Wer früher im Winter großflächig Streugut ausbringen wollte, hatte zwei Möglichkeiten: hydraulisch oder mechanisch angetriebene Streumaschinen. Die dazugehörigen Trägerfahrzeuge mit Hydraulikantrieb oder Gelenkwelle sind oft wartungsintensiv und auch verhältnismäßig teuer – zu teuer für viele Kommunen oder Betriebe. Demzufolge musste vielerorts per Hand gestreut werden – mit unbefriedigenden Folgen: großer Materialverbrauch, ungleiche Verteilung und nicht zuletzt eine hohe Belastung des Personals. Der Ruf nach einer kostengünstigen Alternative wurde laut.
Neue Nische

Der „MiniVario“ verstreut Dünger oder Schneckenkorn auch auf der schmalen Fläche zwischen Weinreben
Die Lösung kam von LEHNER Agrar. Vor über zehn Jahren begann das Familienunternehmen damit, aufsetzbare Streumaschinen für so gut wie alle Fahrzeugtypen zu entwickeln, vom kleinen Quad über den herkömmlichen Pkw bis hin zum ausgewachsenen Feuerwehrwagen. Dabei hatte sich der Betrieb am Rande der Ostalb in Baden-Württemberg eigentlich auf den Handel von Saatgut, Dünger und Pflanzenschutzmittel spezialisiert. Der Schwenk zum Tüfteln und Knobeln lässt sich aber ganz schwäbisch-pragmatisch begründen: Das Kerngeschäft von LEHNER Agrar unterliegt starken saisonalen Schwankungen, im Winter führte das regelmäßig zu einer geringen Arbeitsauslastung. Als die Geschäftsführung eher zufällig auf das Potenzial von handlichen Streumaschinen aufmerksam wurde, beschloss sie, Pionierarbeit auf diesem Gebiet zu leisten. Das Unternehmen schlug so zwei Fliegen mit einer Klappe: Vollzeitbeschäftigung für die Belegschaft und Erschließung eines neuen, lukrativen Geschäftsfelds.

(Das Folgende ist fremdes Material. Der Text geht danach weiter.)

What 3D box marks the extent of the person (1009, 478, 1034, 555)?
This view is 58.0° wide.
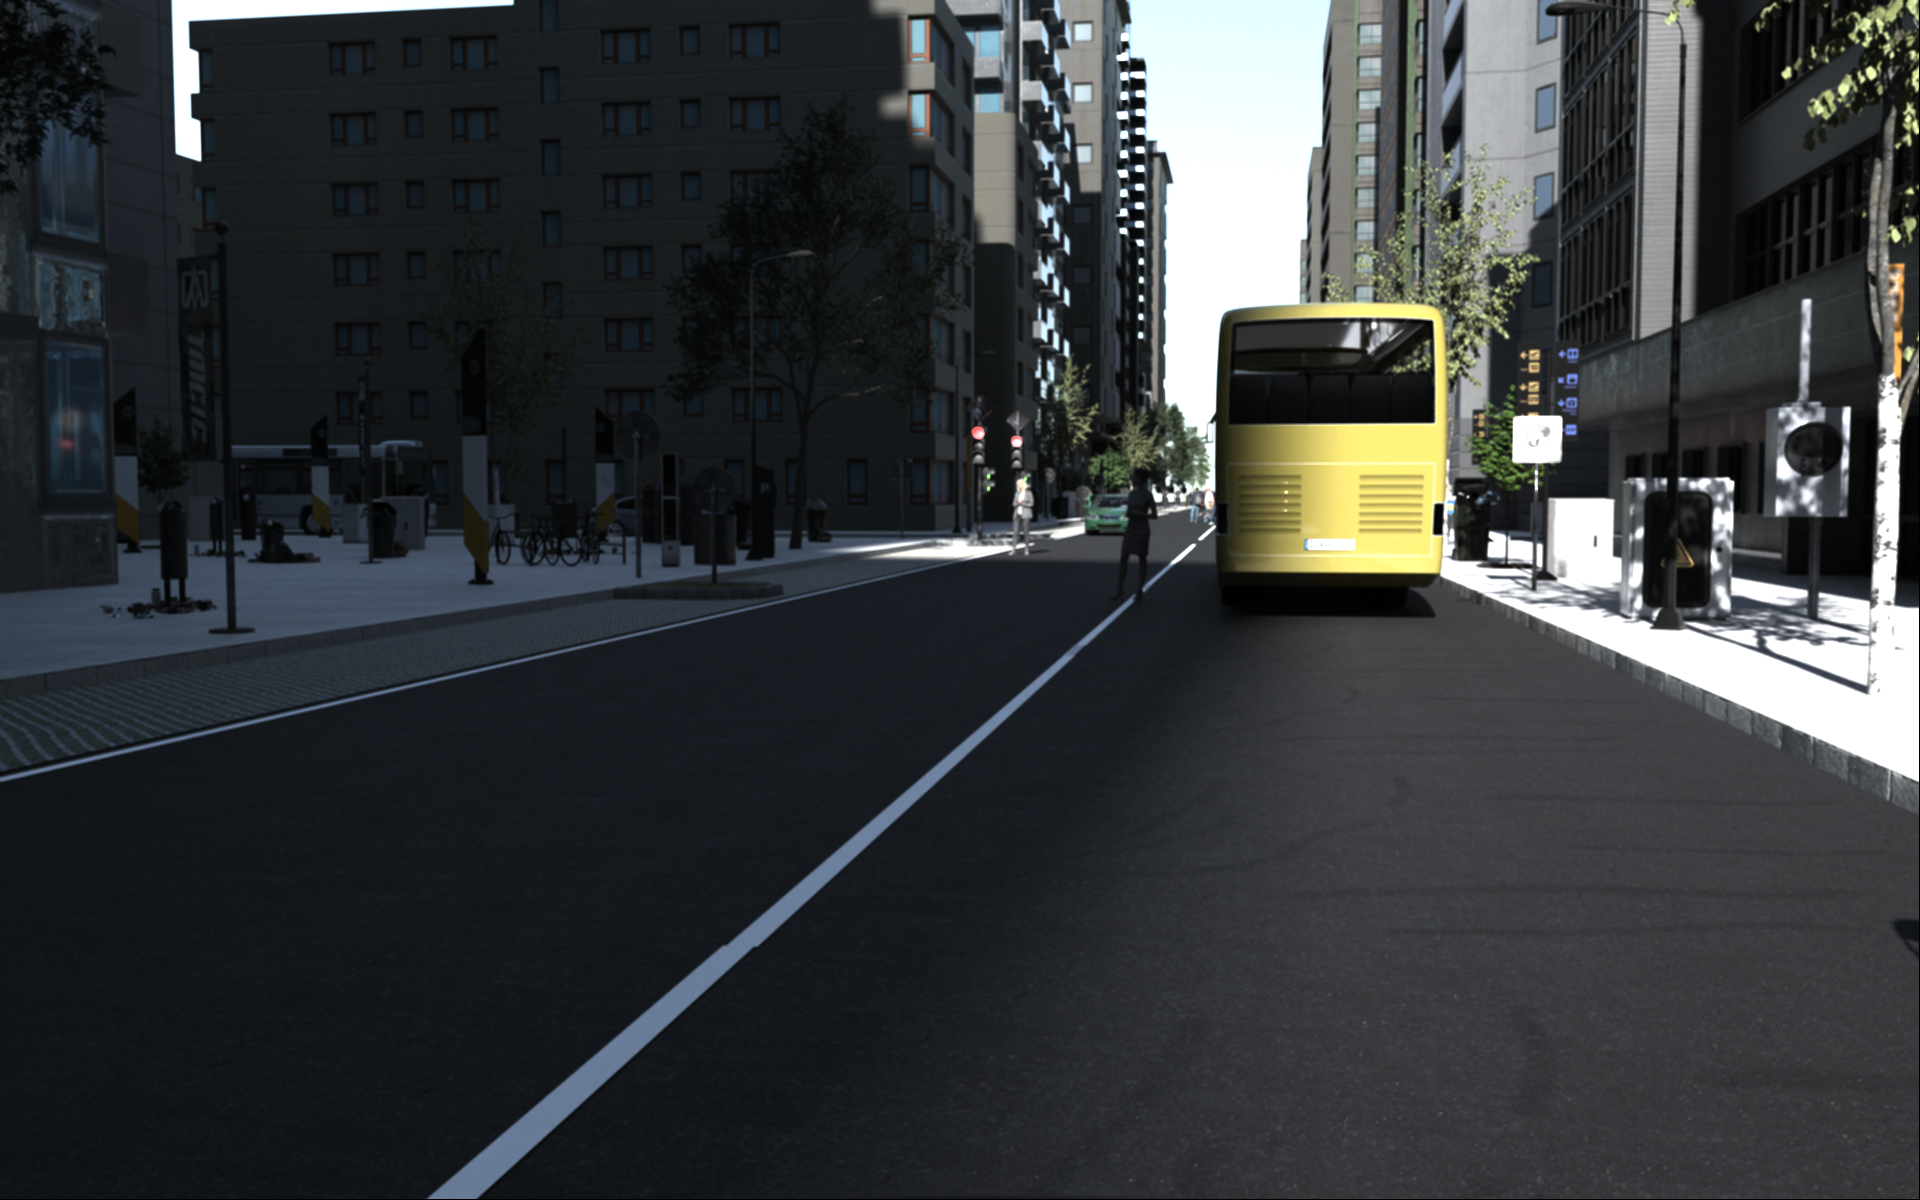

Auch der technische Ansatz ist pragmatisch. Die Streumaschine „POLARO“ nutzt einfach eine bereits im Fahrzeug vorhandene Energiequelle: elektrischen Strom. Sie holt sich ihre Kraft komplett per Bordspannungssteckdose aus der Lichtmaschine. So treibt sie einen Elektromotor an, der die Energie auf einen Drehteller überträgt. Dessen Drehgeschwindigkeit bestimmt die Flugweite des Streuguts. Der Anwender kann diesen Prozess stufenlos regulieren, um so schmale Gehwege genauso wie großflächige Parkplätze wirkungsvoll zu streuen.
Ausfallquote: null
Was in der Theorie ganz simpel klingt, brachte in der Entwicklung kleine Tücken mit sich. Der Elektromotor muss schließlich mit bis zu 3.000 Umdrehungen einiges leisten, darf dabei aber den Kreislauf des Trägerfahrzeugs nicht mit zu großen Strömen belasten. Eine 12-Volt-Autobatterie käme sonst schnell an ihre Grenzen.
Als es an die Auslegung eines entsprechenden Motors für die Streumaschine ging, holten sich die LEHNER Entwickler daher Unterstützung von ebm-papst in St. Georgen. „Da das Gerät unter relativ widrigen Umweltbedingungen laufen muss, entschieden wir uns für einen robusten BCI-Motor“, erläutert Thomas Schrag, Branchenmanager für Antriebstechnik bei ebm-papst St. Georgen. „Der bringt auch die notwendige Energieeffizienz mit, um den Stromkreis nicht zu überlasten.“ Trotzdem nahmen die St. Georgener gemeinsam mit den Partnern die Anwendung noch einmal genau unter die Lupe, um den Wirkungsgrad in den relevanten Leistungsregionen weiter zu optimieren. Der BCI-Motor überzeugte die Entwickler mit seiner guten Regelbarkeit und hoher Lebensdauer bei minimalem Wartungsaufwand. „Bisher haben wir keine einzige Reklamation vorliegen“, bestätigt Schrag.
Bei diesen überzeugenden Argumenten ist es nur konsequent, dass sich der „POLARO“ zum absoluten Verkaufsschlager für LEHNER Agrar entwickelte: Fanden im ersten Jahr noch 100 Stück einen Abnehmer, waren es ein Jahr später schon 1.000. Da blieb es nicht lange bei einem Modell: Weitere spezialisierte Streumaschinen folgten, etwa zur Bekämpfung von Schädlingen in der Landwirtschaft oder für Feuerwehrfahrzeuge. Der Export von Streutechnik macht mittlerweile 40 Prozent des Geschäfts aus. Tendenz: steigend.